[Records from a dataset]
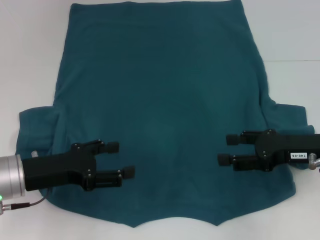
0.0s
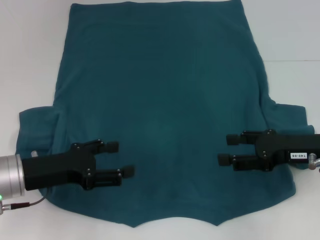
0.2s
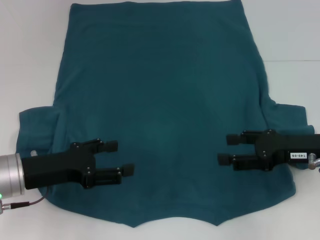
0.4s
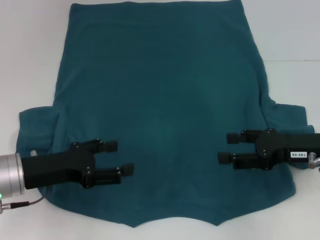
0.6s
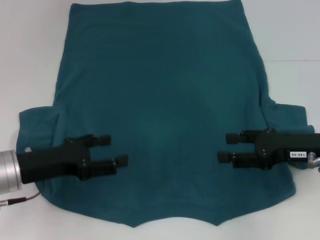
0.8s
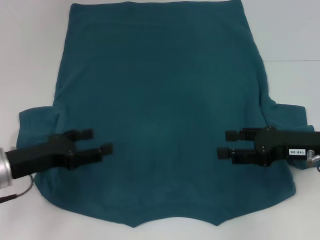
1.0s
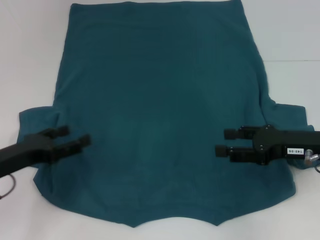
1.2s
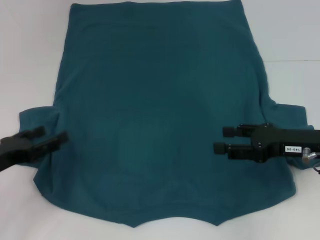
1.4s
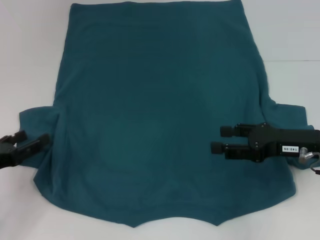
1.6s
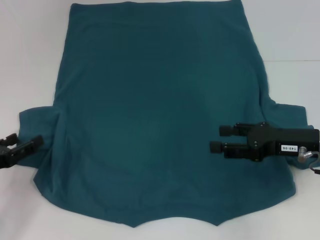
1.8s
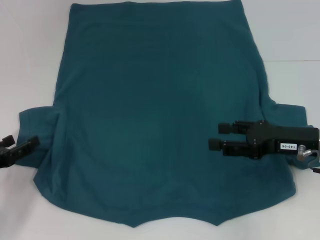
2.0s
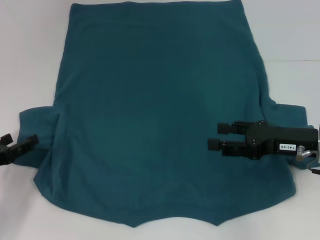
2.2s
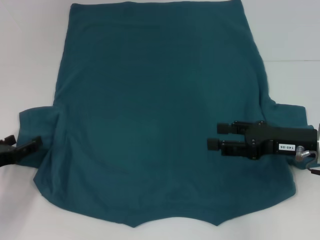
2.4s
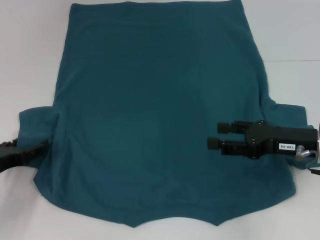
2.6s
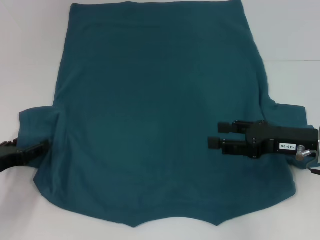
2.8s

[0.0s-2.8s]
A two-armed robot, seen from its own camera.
0.0s to 1.4s: The left gripper heads to the left, covering about 5 cm.
1.4s to 2.8s: The grippers move only a little.

* AIM OF THE EXERCISE *
Hand back the records above exactly, leaving out every picture.

* WRITTEN ANSWER *
0.0s
0.2s
0.4s
0.6s
0.8s
1.0s
1.2s
1.4s
1.6s
1.8s
2.0s
2.2s
2.4s
2.6s
2.8s

[0.0s-2.8s]
A two-armed robot, seen from its own camera.
0.0s to 1.4s: The left gripper heads to the left, covering about 5 cm.
1.4s to 2.8s: The grippers move only a little.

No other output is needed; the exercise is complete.